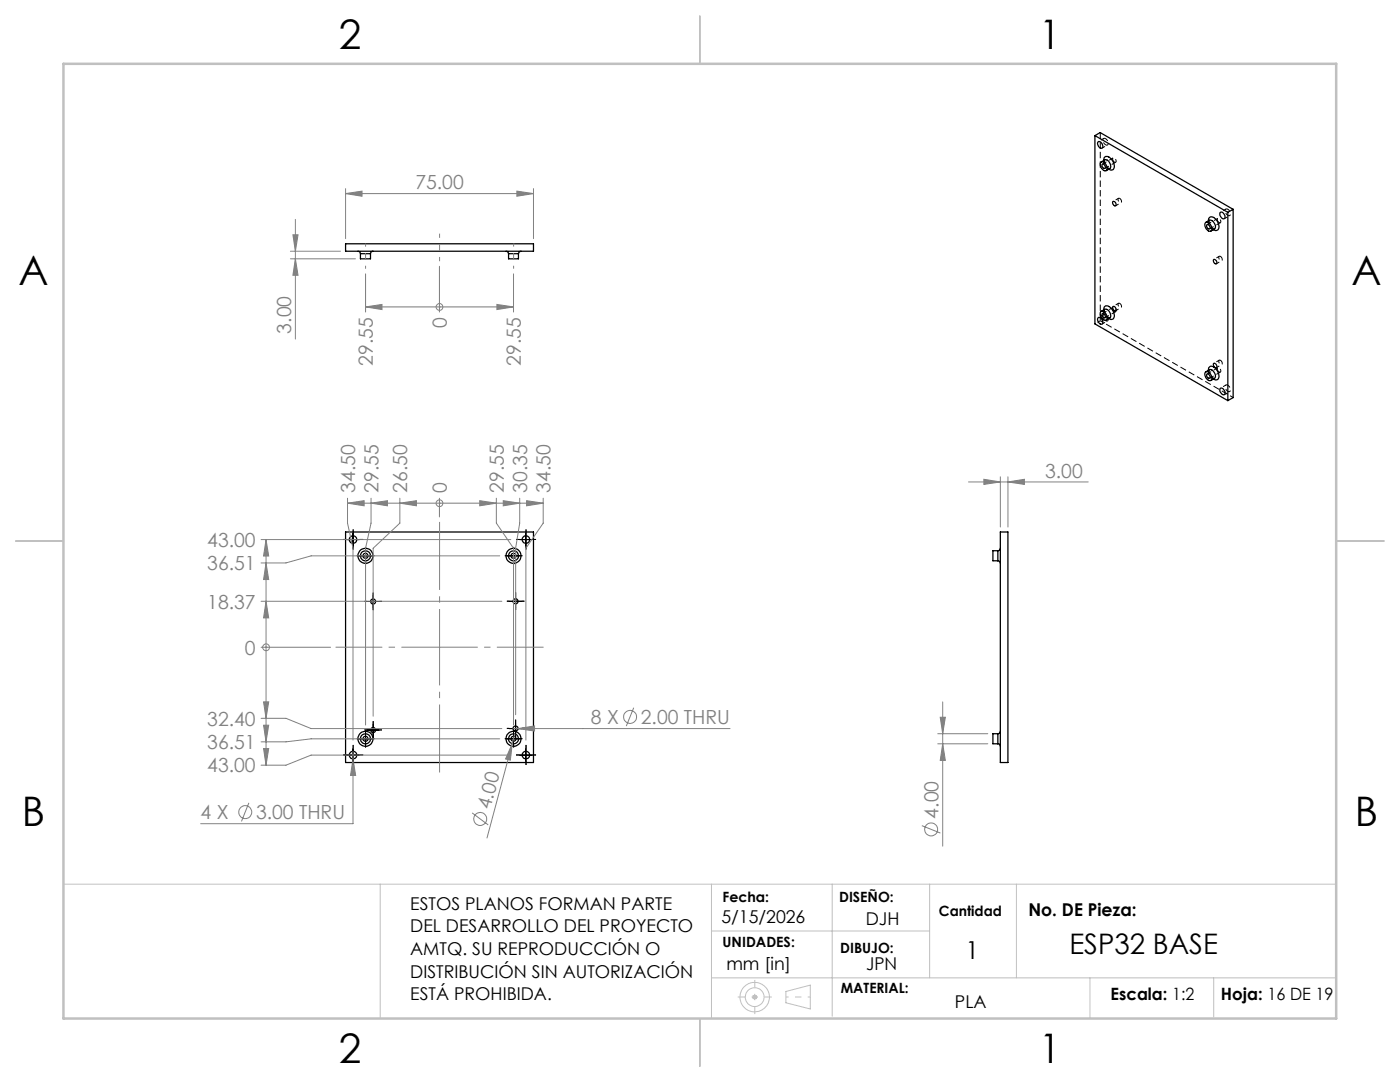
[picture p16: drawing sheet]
<svg xmlns="http://www.w3.org/2000/svg" width="279mm" height="216mm" viewBox="0 0 279 216" stroke-linecap="round" stroke-linejoin="round" font-family="sans-serif">
<defs><g id="words">
<g font-size="8.1">
<text x="67.6" y="9.7">2</text>
<text x="207.3" y="9.7">1</text>
<text x="3.7" y="57">A</text>
<text x="269.7" y="57">A</text>
<text x="4.4" y="164.9">B</text>
<text x="270.4" y="164.9">B</text>
<text x="67.6" y="212.2">2</text>
<text x="207.3" y="212.2">1</text>
</g>
<text font-size="5.6" x="213.4" y="190.3">ESP32 BASE</text>
<text font-size="4.9" x="192.7" y="191.4">1</text>
<g font-size="3.9" fill="#808080">
<text x="82.9" y="37.8">75.00</text>
<text x="89.2" y="65.5" transform="rotate(-90 89.2 65.5)">0</text>
<text x="58.1" y="66.6" transform="rotate(-90 58.1 66.6)">3.00</text>
<text x="74.4" y="73" transform="rotate(-90 74.4 73)">29.55</text>
<text x="104" y="73" transform="rotate(-90 104 73)">29.55</text>
<text x="208.6" y="95.3">3.00</text>
<text x="70.9" y="98.3" transform="rotate(-90 70.9 98.3)">34.50</text>
<text x="75.5" y="98.3" transform="rotate(-90 75.5 98.3)">29.55</text>
<text x="81.3" y="98.3" transform="rotate(-90 81.3 98.3)">26.50</text>
<text x="89.2" y="98.3" transform="rotate(-90 89.2 98.3)">0</text>
<text x="100.5" y="98.3" transform="rotate(-90 100.5 98.3)">29.55</text>
<text x="105.2" y="98.3" transform="rotate(-90 105.2 98.3)">30.35</text>
<text x="109.9" y="98.3" transform="rotate(-90 109.9 98.3)">34.50</text>
<text x="41.4" y="113.8">36.51</text>
<text x="41.4" y="109.1">43.00</text>
<text x="41.4" y="121.4">18.37</text>
<text x="48.9" y="130.6">0</text>
<text x="41.4" y="149.5">36.51</text>
<text x="41.4" y="144.8">32.40</text>
<text x="117.9" y="144.5">8 X</text>
<text x="127.9" y="144.5">2.00 THRU</text>
<text x="41.4" y="154.1">43.00</text>
<text x="97.8" y="161.7" transform="rotate(-75 97.8 161.7)">4.00</text>
<text x="40" y="163.5">4 X</text>
<text x="51.1" y="163.5">3.00 THRU</text>
<text x="187.3" y="163.3" transform="rotate(-90 187.3 163.3)">4.00</text>
</g>
<g font-size="3.5">
<text x="81.9" y="181.5">ESTOS PLANOS FORMAN PARTE</text>
<text x="144" y="184.2">5/15/2026</text>
<text x="172.8" y="184.6">DJH</text>
<text x="205.3" y="182.7">No. DE Pieza:</text>
<text x="81.9" y="186">DEL DESARROLLO DEL PROYECTO</text>
<text x="81.9" y="190.6">AMTQ. SU REPRODUCCIÓN O</text>
<text x="81.9" y="195.1">DISTRIBUCIÓN SIN AUTORIZACIÓN</text>
<text x="145" y="193.5">mm [in]</text>
<text x="172.9" y="193.5">JPN</text>
<text x="81.9" y="199.6">ESTÁ PROHIBIDA.</text>
<text x="190.6" y="201.1">PLA</text>
</g>
<g font-size="3.4">
<text x="221.6" y="199.6">Escala: 1:2</text>
<text x="243.7" y="199.6">Hoja: 16 DE 19</text>
</g>
<g font-size="2.8">
<text x="144.2" y="179.9">Fecha:</text>
<text x="167.5" y="179.9">DISEÑO:</text>
<text x="187.4" y="182.7">Cantidad</text>
<text x="144.2" y="189">UNIDADES:</text>
<text x="167.7" y="190.3">DIBUJO:</text>
<text x="167.8" y="198.1">MATERIAL:</text>
</g>
</g></defs>
<g fill="none" stroke="#000" stroke-width=".25">
<path d="M218.5 27.1v37.5l26.5 15.3M218.5 27.1l26.5 15.3M218.5 27.1l1.1-.6 26.5 15.3M219.1 28.3a.75 .75 0 0 1 .9 .4 .75 .75 0 0 1-.2 .9 .94 .94 0 0 1-.7-1.3zM219.7 32.3a1.11 1.11 0 0 1 1.2 1.4 .49 .49 0 0 1-.4 .4 .49 .49 0 0 1-.5-.3 1.16 1.16 0 0 1-.3-1.5zM219.7 32.3l.8-.4a1.16 1.16 0 0 1 1 1.8l-.7 .3M220 32.8a.5 .5 0 0 1 .5 .2 .5 .5 0 0 1 0 .6 .61 .61 0 0 1-.5-.8zM220.3 32a.69 .69 0 0 1 .4-.8 .69 .69 0 0 1 .8 .3 1.85 1.85 0 0 1 .6 2.4h-.4l-.4-.1M69 48.6h37.5v1.5h-37.5zM71.4 50.1l.4 .2 .1 .3M71.9 50.6v1h2v-1M71.9 50.6h2"/>
<path d="M74.4 50.1l-.3 .2-.2 .3M101 50.1l.4 .2 .1 .3M101.5 50.6v1h2v-1M101.5 50.6h2M104 50.1l-.4 .2-.1 .3M222.1 40.3a.48 .48 0 0 1 .6 .2 .48 .48 0 0 1-.2 .6 .69 .69 0 0 1-.4-.8zM240.6 44.4a1.15 1.15 0 0 1 1.2 1.6 1.05 1.05 0 0 1-1.3-1.2zM240.7 44.4l.7-.4a1.18 1.18 0 0 1 1 1.7l-.7 .4M240.9 44.8a.53 .53 0 0 1 .5 .3 .53 .53 0 0 1-.1 .6 .59 .59 0 0 1-.4-.9zM241.2 44.1a.74 .74 0 0 1 .5-.9 .74 .74 0 0 1 .9 .5 1.67 1.67 0 0 1 .4 2.2l-.4 .1-.5-.2M242.2 51.8a.48 .48 0 0 1 .6 .3 .48 .48 0 0 1-.2 .6 .69 .69 0 0 1-.4-.9zM243.5 42.5a.58 .58 0 0 1 .6-.1 .58 .58 0 0 1 .3 .5 .41 .41 0 0 1 .1 .5 .41 .41 0 0 1-.5 .2 1.11 1.11 0 0 1-.5-1.1z"/>
<path d="M245 42.4v37.5M246.1 41.8l-1.1 .6M246.1 41.8v37.5l-1.1 .6M219.1 63.4a.81 .81 0 0 1 .9 .4 .81 .81 0 0 1 0 .8 .83 .83 0 0 1-.9-1.2zM219.7 62.2a1.13 1.13 0 0 1 1.1 1.7 1.17 1.17 0 0 1-1.1-1.7zM219.7 62.1l.8-.4a1.16 1.16 0 0 1 1 1.8l-.7 .4M220 62.6a.48 .48 0 0 1 .5 .3 .48 .48 0 0 1-.1 .6 .73 .73 0 0 1-.4-.9zM220.3 61.8a.69 .69 0 0 1 .4-.8 .69 .69 0 0 1 .8 .3 1.85 1.85 0 0 1 .6 2.4h-.4l-.4-.1M222.1 61.2a.46 .46 0 0 1 .5 .2 .46 .46 0 0 1-.1 .6 .67 .67 0 0 1-.4-.8zM240.6 74.2a1.15 1.15 0 0 1 1.2 1.6 1.05 1.05 0 0 1-1.3-1.2zM240.7 74.2l.7-.4a1.18 1.18 0 0 1 1 1.7l-.7 .4M240.8 74.7a.46 .46 0 0 1 .6 .2 .46 .46 0 0 1-.1 .6 .67 .67 0 0 1-.5-.8z"/>
<path d="M241.2 73.9a.69 .69 0 0 1 .3-.8 .69 .69 0 0 1 .9 .2 1.85 1.85 0 0 1 .6 2.4l-.4 .1-.5-.2M242.2 72.6a.46 .46 0 0 1 .6 .2 .46 .46 0 0 1-.2 .6 .67 .67 0 0 1-.4-.8zM243.5 77.5a.82 .82 0 0 1 .8 .4 .82 .82 0 0 1 0 .9 .96 .96 0 0 1-.8-1.3zM69 106.2h37.5v46h-37.5zM199.1 111.9l.5 .2v.3M199.1 109.9h-.9v2h.9M199.1 109.9v2M199.6 109.4l-.1 .3-.4 .2M199.6 106.2h1.6v46h-1.6zM199.1 148.4l.5 .2v.3M199.1 146.4h-.9v2h.9M199.1 146.4v2"/>
<path d="M199.6 145.9l-.1 .4-.4 .1"/>
<circle cx="70.5" cy="107.7" r=".74"/>
<circle cx="72.9" cy="110.9" r="1.5"/>
<circle cx="72.9" cy="110.9" r="1"/>
<circle cx="72.9" cy="110.9" r=".5"/>
<circle cx="102.5" cy="110.9" r=".99"/>
<circle cx="102.5" cy="110.9" r="1.51"/>
<circle cx="102.5" cy="110.9" r=".49"/>
<circle cx="102.9" cy="120" r=".5"/>
<circle cx="105" cy="107.7" r=".74"/>
<circle cx="74.5" cy="120" r=".5"/>
<circle cx="70.5" cy="150.7" r=".74"/>
<circle cx="72.9" cy="147.4" r="1.5"/>
<circle cx="72.9" cy="147.4" r="1"/>
<circle cx="72.9" cy="147.4" r=".5"/>
<circle cx="74.5" cy="145.7" r=".5"/>
<circle cx="102.5" cy="147.4" r=".99"/>
<circle cx="102.5" cy="147.4" r="1.51"/>
<circle cx="102.5" cy="147.4" r=".49"/>
<circle cx="102.9" cy="145.4" r=".51"/>
<circle cx="105" cy="150.7" r=".74"/>
</g>
<path d="M220.6 27.7a.78 .78 0 0 1 .3 1.3 .89 .89 0 0 1-.6-1.4l.3 .1M245 41.8a.78 .78 0 0 1 .3 1.2 .89 .89 0 0 1-.6-1.3l.3 .1M245 76.9a.78 .78 0 0 1 .3 1.3 .89 .89 0 0 1-.6-1.4l.3 .1" fill="none" stroke="#000" stroke-width=".2" stroke-dasharray="1.3 .6" stroke-dashoffset=".7" stroke-linecap="butt"/>
<path d="M220.5 31.9a1.15 1.15 0 0 0 1 1.7M222.4 32.4a.31 .31 0 0 0 .4-.2 .31 .31 0 0 0-.2-.4v-.1a.3 .3 0 0 0-.5-.1 .3 .3 0 0 0 0 .4l.3 .4M223.5 39.6a.43 .43 0 0 1 .4 .4 .43 .43 0 0 1-.4 .4 .47 .47 0 0 1-.4-.3 .47 .47 0 0 1 .3-.5h.1M241.4 44a1.15 1.15 0 0 0 1 1.7M243.3 44.4a.31 .31 0 0 0 .4-.2 .31 .31 0 0 0-.2-.4l-.1-.1a.3 .3 0 0 0-.4-.1 .3 .3 0 0 0 0 .5l.3 .3M243.6 51.2a.43 .43 0 0 1 .4 .4 .43 .43 0 0 1-.4 .4 .47 .47 0 0 1-.4-.4 .47 .47 0 0 1 .3-.5l.1 .1M220.5 61.7a1.15 1.15 0 0 0 1 1.7M222.4 62.2a.31 .31 0 0 0 .4-.2 .31 .31 0 0 0-.2-.4v-.1a.3 .3 0 0 0-.5-.1 .3 .3 0 0 0 0 .4l.3 .4M223.5 60.5a.43 .43 0 0 1 .4 .4 .43 .43 0 0 1-.4 .5 .47 .47 0 0 1-.4-.4 .47 .47 0 0 1 .3-.5h.1M241.4 73.8a1.15 1.15 0 0 0 1 1.7M243.3 74.2a.31 .31 0 0 0 .4-.1 .31 .31 0 0 0-.2-.4l-.1-.2a.3 .3 0 0 0-.4-.1 .3 .3 0 0 0 0 .5l.3 .3M243.6 71.9a.43 .43 0 0 1 .4 .4 .43 .43 0 0 1-.4 .4 .47 .47 0 0 1-.4-.3 .47 .47 0 0 1 .3-.5h.1" fill="none" stroke="#000" stroke-width=".2" stroke-dasharray="1.3 .6" stroke-dashoffset=".3" stroke-linecap="butt"/>
<path d="M219.6 26.4v37.6M220.6 62.8h.1M221 63.2a.44 .44 0 0 1 .2 .7 .44 .44 0 0 1-.7 0 .7 .7 0 0 1-.1-1.2l.2 .1" fill="none" stroke="#000" stroke-width=".2" stroke-dasharray="1.3 .6" stroke-linecap="butt"/>
<g fill="none" stroke="#000" stroke-width=".2" stroke-dasharray="1.3 .6" stroke-dashoffset=".6" stroke-linecap="butt">
<path d="M220 29.5l1-.6M220.3 27.6l-1.1 .6M221.3 33.7a2.38 2.38 0 0 1-1-1.7M223.2 39.6l-1 .6M222.7 41.1l1-.7M242.2 45.8a2.38 2.38 0 0 1-1-1.7M242.8 52.6l1-.6M243.3 51.1l-1 .7M244.4 43.6l1-.6M244.7 41.7l-1.1 .6M219.6 64l-1.1 .6M219.6 64l26.5 15.3"/>
<path d="M220 64.7l1-.7M220.3 62.7l-1.1 .7M221.3 63.6a2.38 2.38 0 0 1-1-1.8M222.7 62l1-.6M223.2 60.5l-1 .6M242.2 75.6a2.38 2.38 0 0 1-1-1.7M242.8 73.3l1-.6M243.3 71.9l-1 .6M244.4 78.7l1-.6M244.7 76.8l-1.1 .6"/>
</g>
<path d="M221.5 33.6a1.55 1.55 0 0 1-1-1.7M242.4 45.7a1.55 1.55 0 0 1-1-1.7M221.5 63.4a1.55 1.55 0 0 1-1-1.7M242.4 75.5a1.55 1.55 0 0 1-1-1.7" fill="none" stroke="#000" stroke-width=".2" stroke-dasharray="1.3 .6" stroke-dashoffset=".5" stroke-linecap="butt"/>
<path d="M220.5 33.6l2.1-1.2M222.1 31.5l-2.1 1.2M241.4 45.7l2.1-1.3M243 43.6l-2.1 1.2M220.5 63.4l2.1-1.2M222.1 61.3l-2.1 1.2M241.4 75.5l2.1-1.3M243 73.4l-2.1 1.2" fill="none" stroke="#000" stroke-width=".2" stroke-dasharray="1.3 .6" stroke-dashoffset=".4" stroke-linecap="butt"/>
<g fill="none" stroke="#808080" stroke-width=".2">
<path d="M69 38.6l3.2-.5v1.1zM69 37.6v10M69 38.6h37.5M103.2 38.1l3.3 .5-3.3 .6zM106.5 37.6v10M58 50.1h9.9M58 51.6h12.9M58.5 46.8h1l-.6 3.3zM58.9 51.6l.6 3.3h-1zM58.9 43.8v23.9M73 54.6v7.7M87.7 53.1v9.2"/>
<path d="M102.5 54.6v7.7M73 61.2l3.2-.5v1.1zM73 61.2h29.5M87.7 61.2h.1M99.2 60.7l3.3 .5-3.3 .6zM69.4 99.4v5l1 5v38.3M74 99.4v5l-1 5v35.3M79.8 99.4v5l-5.3 5v33.5M87.7 99.4v3.8M95.7 99.9l3.4 .5-3.4 .5zM99.1 99.4v5l3.4 5v35.3M100.4 99.9l3.3 .5-3.3 .5z"/>
<path d="M103.7 99.4v5l-.8 5v33.2M105.1 99.9l3.3 .5-3.3 .5zM108.4 99.4v5l-3.4 5v38.3M193.3 96.2h23.9M196.4 95.6l3.2 .6-3.2 .5zM199.6 95.1v10.1M201.2 96.2l3.2-.6v1.1zM201.2 95.1v10.1M52.1 120h48.1M52.1 107.7h49.9M53.1 112.3l.5 3.3h-1zM53.1 120l.5 3.3h-1z"/>
<path d="M53.1 107.7l.5 3.2h-1zM53.1 107.7v45M69.4 100.4l3.3-.5v1zM69.4 100.4h39M74 100.4l3.3-.5v1zM79.8 100.4l3.3-.5v1zM87.7 100.4h.1M99.7 110.9h-37.6l-5 1.4h-5M52.1 129.2h13.9M53.1 129.2h.1M52.1 143.3h5l5 2.1h38.1M52.6 144.7h1l-.5 3.3z"/>
<path d="M52.6 140.1h1l-.5 3.2zM52.6 149.4h1l-.5 3.3zM70.4 151.4l.6 3.3h-1zM70.4 149.9v14.5h-30.4M99.7 147.4h-37.6l-5 .6h-5M102 150.7h-39.9l-5 2h-5M102.2 148.4l-.4 3.3-.9-.3zM102.2 148.4l-5 18.8M102.4 145.4h43.3M102.7 146.4l-.5 2M103.4 145.4l3.3-.5v1zM126.5 141.2l-1.5 3.7"/>
<path d="M187.1 146.4h10M187.1 148.4h10M187.6 143.1h1.1l-.6 3.3zM188.1 148.4l.6 3.3h-1.1zM188.1 140.1v28.7M49.7 160.2l-1.5 3.7M94.2 162.2l3.2 2.4M184 164.7l3.7 1.5"/>
<circle cx="87.7" cy="61.3" r=".68"/>
<circle cx="87.7" cy="100.4" r=".68"/>
<circle cx="53.1" cy="129.2" r=".68"/>
<circle cx="125.7" cy="143.1" r="1.29"/>
<circle cx="48.9" cy="162.1" r="1.3"/>
<circle cx="95.8" cy="163.4" r="1.28"/>
<circle cx="185.8" cy="165.5" r="1.3"/>
</g>
<g fill="none" stroke="#c0c0c0" stroke-width=".2">
<path d="M12.7 176.4h254M75.9 176.4v26.8M142 176.4v26.8M166.1 176.4v26.4M185.5 176.4v18.7M202.8 176.4v18.7M142 185.8h43.5M142 195.1h124.7M150.1 199h1M150.2 198.6l.8 .7M150.6 198.5v1M151 198.6l-.8 .7"/>
<path d="M156.8 197.8l4.9-1.2v4.7l-4.9-1.2zM217.5 195.1v8.1M242.2 195.1v7.8"/>
<circle cx="150.6" cy="199" r="1.88"/>
<circle cx="150.6" cy="199" r="2.95"/>
</g>
<g fill="none" stroke="#000" stroke-width=".2" stroke-dasharray="15.2 1.3 1.3 1.3" stroke-linecap="butt">
<path d="M69.2 107.6h-.7M70.5 106.4v-.8M70.5 108.9v.7M71.7 110.9h-.5M71.7 107.6h.8M73 109.6v-.5M73 112.1v.5M74.2 110.9h.5M74.5 118.8v-.5M101.3 110.9h-.5M101.7 120h-.5M102.5 109.6v-.5"/>
<path d="M102.5 112.1v.5M102.9 118.7v-.5M103.7 107.6h-.7M103.8 110.9h.5M104.2 120h.5M105 106.4v-.8M105 108.9v.7M106.2 107.6h.8M73.2 120h-.5M74.5 121.3v.5M75.7 120h.5M102.9 121.2v.5"/>
<path d="M69.2 150.6h-.7M70.5 149.4v-.8M70.5 151.9v.7M71.7 147.4h-.5M71.7 150.6h.8M73 146.1v-.5M73 148.6v.5M73.2 145.6h-.5M74.2 147.4h.5M74.5 144.4v-.5M74.5 146.9v.5M75.7 145.6h.5"/>
<path d="M101.3 147.4h-.5M101.7 145.3h-.5M102.5 146.1v-.5M102.5 148.6v.5M102.9 144.1v-.5M102.9 146.6v.5M103.7 150.6h-.7M103.8 147.4h.5M104.2 145.3h.5M105 149.4v-.8M105 151.9v.7M106.2 150.6h.8"/>
</g>
<path d="M67 129.1h41.5" fill="none" stroke="#808080" stroke-width=".2" stroke-dasharray="15.2 1.3 1.3 1.3" stroke-dashoffset="5.9" stroke-linecap="butt"/>
<path d="M87.7 154.1v-50" fill="none" stroke="#808080" stroke-width=".2" stroke-dasharray="15.2 1.3 1.3 1.3" stroke-dashoffset="1.7" stroke-linecap="butt"/>
<path d="M87.7 46.6v5.5" fill="none" stroke="#808080" stroke-width=".2" stroke-dasharray="15.2 1.3 1.3 1.3" stroke-dashoffset="14.4" stroke-linecap="butt"/>
<path d="M73 53.6v-5M102.5 53.6v-5" fill="none" stroke="#808080" stroke-width=".2" stroke-dasharray="15.2 1.3 1.3 1.3" stroke-dashoffset="14.6" stroke-linecap="butt"/>
<path d="M156.9 198.9h4.8" fill="none" stroke="#c0c0c0" stroke-width=".2" stroke-dasharray="15.2 1.3 1.3 1.3" stroke-dashoffset="14.7" stroke-linecap="butt"/>
<path d="M147.2 198.9h6.8M150.6 202.4v-6.9" fill="none" stroke="#c0c0c0" stroke-width=".2" stroke-dasharray="15.2 1.3 1.3 1.3" stroke-dashoffset="13.7" stroke-linecap="butt"/>
<g fill="none" stroke="#000" stroke-width=".2">
<path d="M69.2 107.7h2.5M70.4 106.4v2.5M71.7 110.9h2.5M73 109.6v2.5M74.5 118.8v2.5M101.2 110.9h2.5M101.6 120h2.5M102.5 109.6v2.5M102.9 118.7v2.5M103.7 107.7h2.5M105 106.4v2.5M73.2 120h2.5"/>
<path d="M69.2 150.7h2.5M70.4 149.4v2.5M71.7 147.4h2.5M73 146.2v2.5M73.2 145.7h2.5M74.5 144.4v2.5M101.2 147.4h2.5M101.6 145.4h2.5M102.5 146.2v2.5M102.9 144.1v2.5M103.7 150.7h2.5M105 149.4v2.5"/>
</g>
<path d="M139.7 3.2v9.5M3.1 107.9h9.6M266.7 107.9h9.5M139.7 203.2v9.6" fill="none" stroke="#c0c0c0" stroke-width=".25"/>
<path d="M12.7 12.7h254v190.5h-254z" fill="none" stroke="#c0c0c0" stroke-width=".5"/>
<g fill="#808080">
<path d="M102.2 148.4l-.4 3.3-.9-.3z"/>
<path d="M201.2 96.2l3.2-.6v1.1zM196.4 95.6l3.2 .6-3.2 .5z"/>
<path d="M70.4 151.4l-.4 3.3h1zM103.4 145.4l3.3 .5v-1zM69 38.6l3.2-.5v1.1zM103.2 38.1l3.3 .5-3.3 .6z"/>
<path d="M58.5 46.8h1l-.6 3.3zM58.9 51.6l.6 3.3h-1zM187.6 143.1h1.1l-.6 3.3zM188.1 148.4l.6 3.3h-1.1z"/>
<path d="M53.1 112.3l.5 3.3h-1zM52.6 144.7h1l-.5 3.3zM52.6 140.1h1l-.5 3.2zM53.1 120l.5 3.3h-1zM53.1 107.7l.5 3.2h-1zM52.6 149.4h1l-.5 3.3z"/>
<path d="M79.8 100.4l3.3-.5v1zM105.1 99.9l3.3 .5-3.3 .5zM69.4 100.4l3.3-.5v1zM95.7 99.9l3.4 .5-3.4 .5zM74 100.4l3.3-.5v1zM100.4 99.9l3.3 .5-3.3 .5zM73 61.2l3.2-.5v1.1zM99.2 60.7l3.3 .5-3.3 .6z"/>
</g>
<use href="#words"/>
</svg>

◇ ◇ ◇ ◇ ◇

* **EXERCISE GOAL**
What lines above contain the word "size"? Return each such line.

* **FINISHED TASK**
<g font-size="8.1">
<text font-size="5.6" x="213.4" y="190.3">ESP32 BASE</text>
<text font-size="4.9" x="192.7" y="191.4">1</text>
<g font-size="3.9" fill="#808080">
<g font-size="3.5">
<g font-size="3.4">
<g font-size="2.8">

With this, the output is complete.